Tried and True: Outsmart the Rag Rug Weft Tails

What do you do with weft tails on a rag rug? Normally, you wrap the weft tail around the outer warp end and tuck it back into the shed. But what about color changes? If you have several color changes in a row, you can end up with extra bulk on one selvedge or another from those tucked-in tails.

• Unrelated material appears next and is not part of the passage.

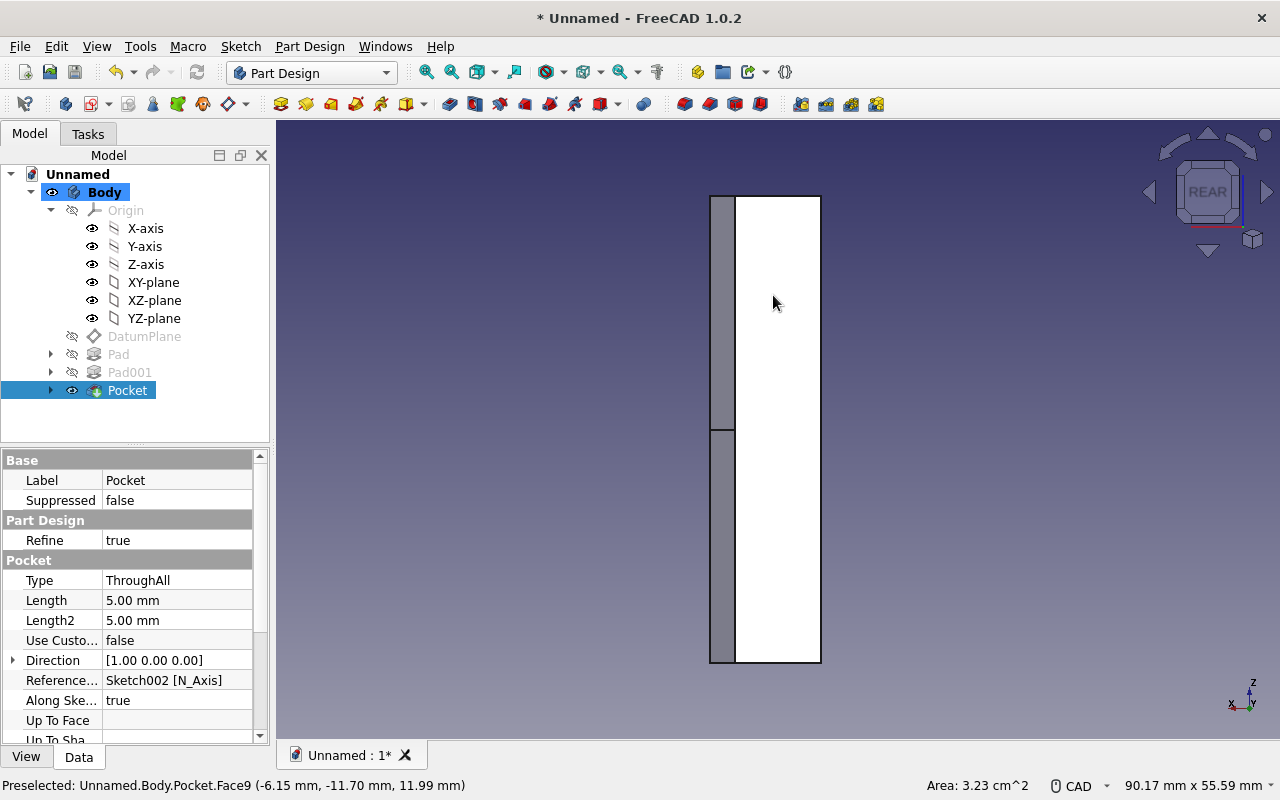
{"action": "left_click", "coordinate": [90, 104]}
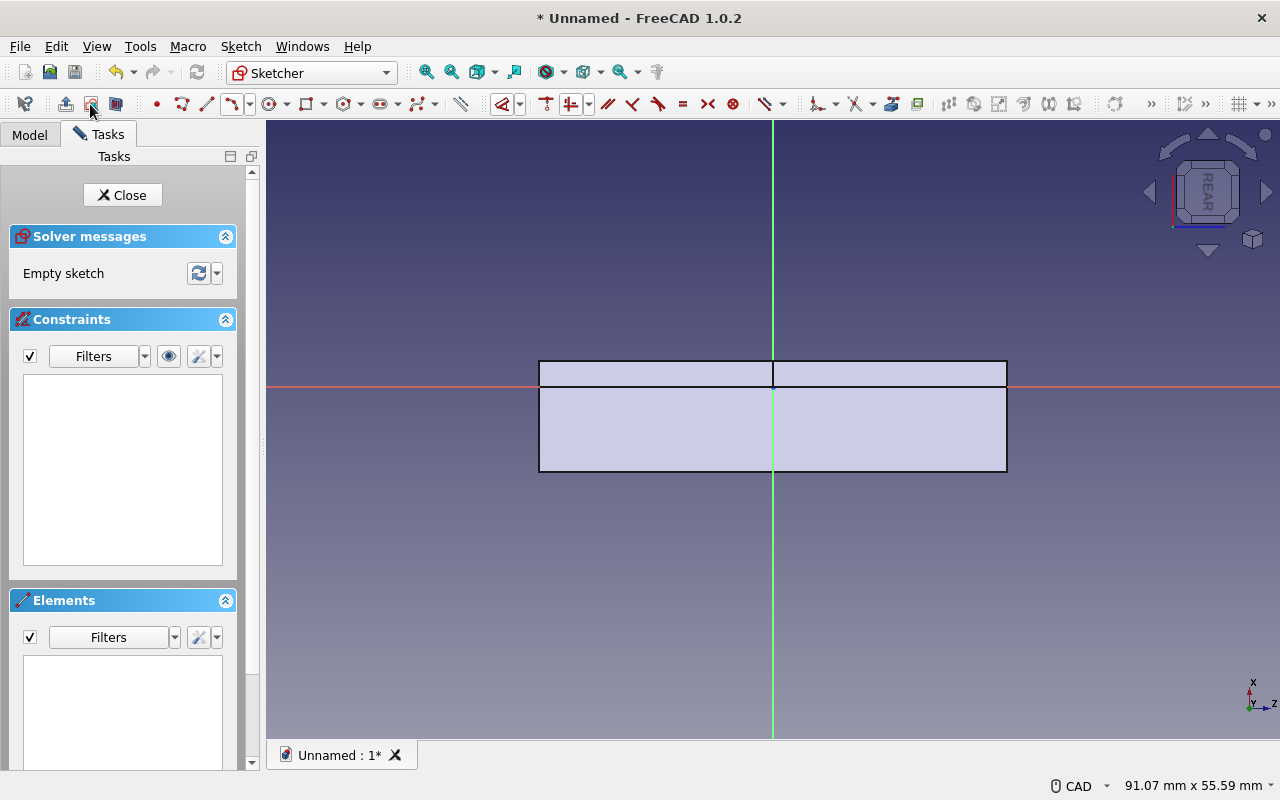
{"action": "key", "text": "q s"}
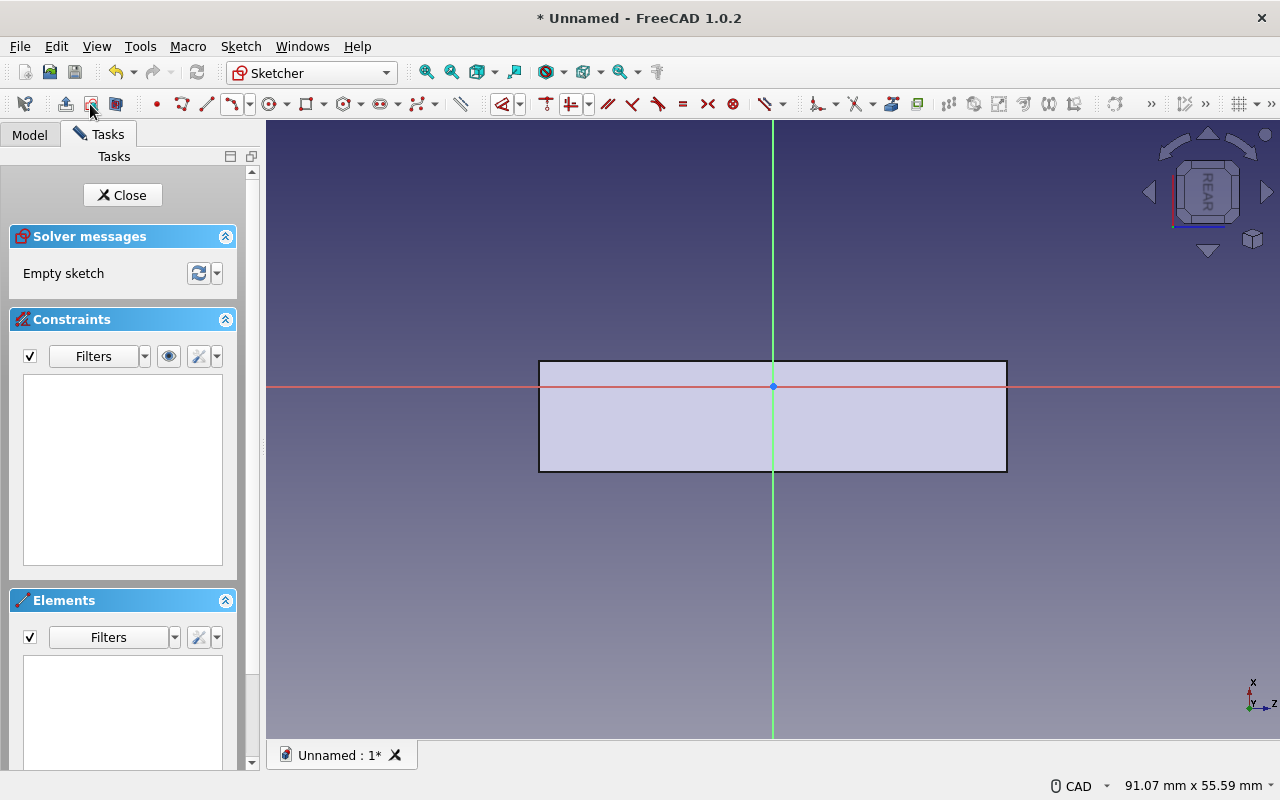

3 Ways to Outsmart Rag Rug Weft Tails

  • TWO PICKS For a two-pick stripe, leave a tail of several inches on the first pick. For the second pick, lay the weft tail from the first pick in the shed. Lay in the second pick, and cut the fabric strip to overlap the weft tail in the shed. This eliminates any extra bulk at the selvedges. (All tails are cut at a steep angle.)
  • CARRY IT When feasible, carry the weft up the side. If a weft is out of play for only one or two rows, do not cut it. When another weft enters the shed, make sure it encircles the idle weft.
  • DISTRIBUTE Whenever possible, avoid tucking in weft tails two picks in a row. Wait, and tuck in the tail on a subsequent pick.

HERE IS AN EXAMPLE:

How to outsmart rag rug weft tails!
Gray weft ends with weft tail tucked in. White tabby weft tail is not tucked in.
How to outsmart rag rug weft tails!
Rosepath pattern weft for a two-pick stripe. Loooooong weft tail.
How to outsmart rag rug weft tails!
Tabby weft goes around the rosepath pattern weft, and is tucked in the shed.
How to outsmart rag rug weft tails!
Tabby weft comes through the shed and lays over the tucked-in tail.
How to outsmart rag rug weft tails!
Tabby weft is beaten in.
How to outsmart rag rug weft tails!
Pattern weft is laid in the shed, with tails overlapping near the center of the warp.
Tabby weft is beaten in, and weft tail is tucked in. In the middle of the rosepath medallion the orange print weft is carried up the side until it is used again. For the gray strip that follows the last white tabby pick, the weft tail is tucked in on the second gray pick.
How to outsmart rag rug weft tails!
Rosepath medallion with several color changes.

One more thing. Cut the weft tail extra long if you are tucking it in a row with weft floats, as in rosepath (Like the center pick in this medallion). This helps keep that weft tail from popping out of place. You don’t want those tails to start waving at you.

May you pay attention to the details.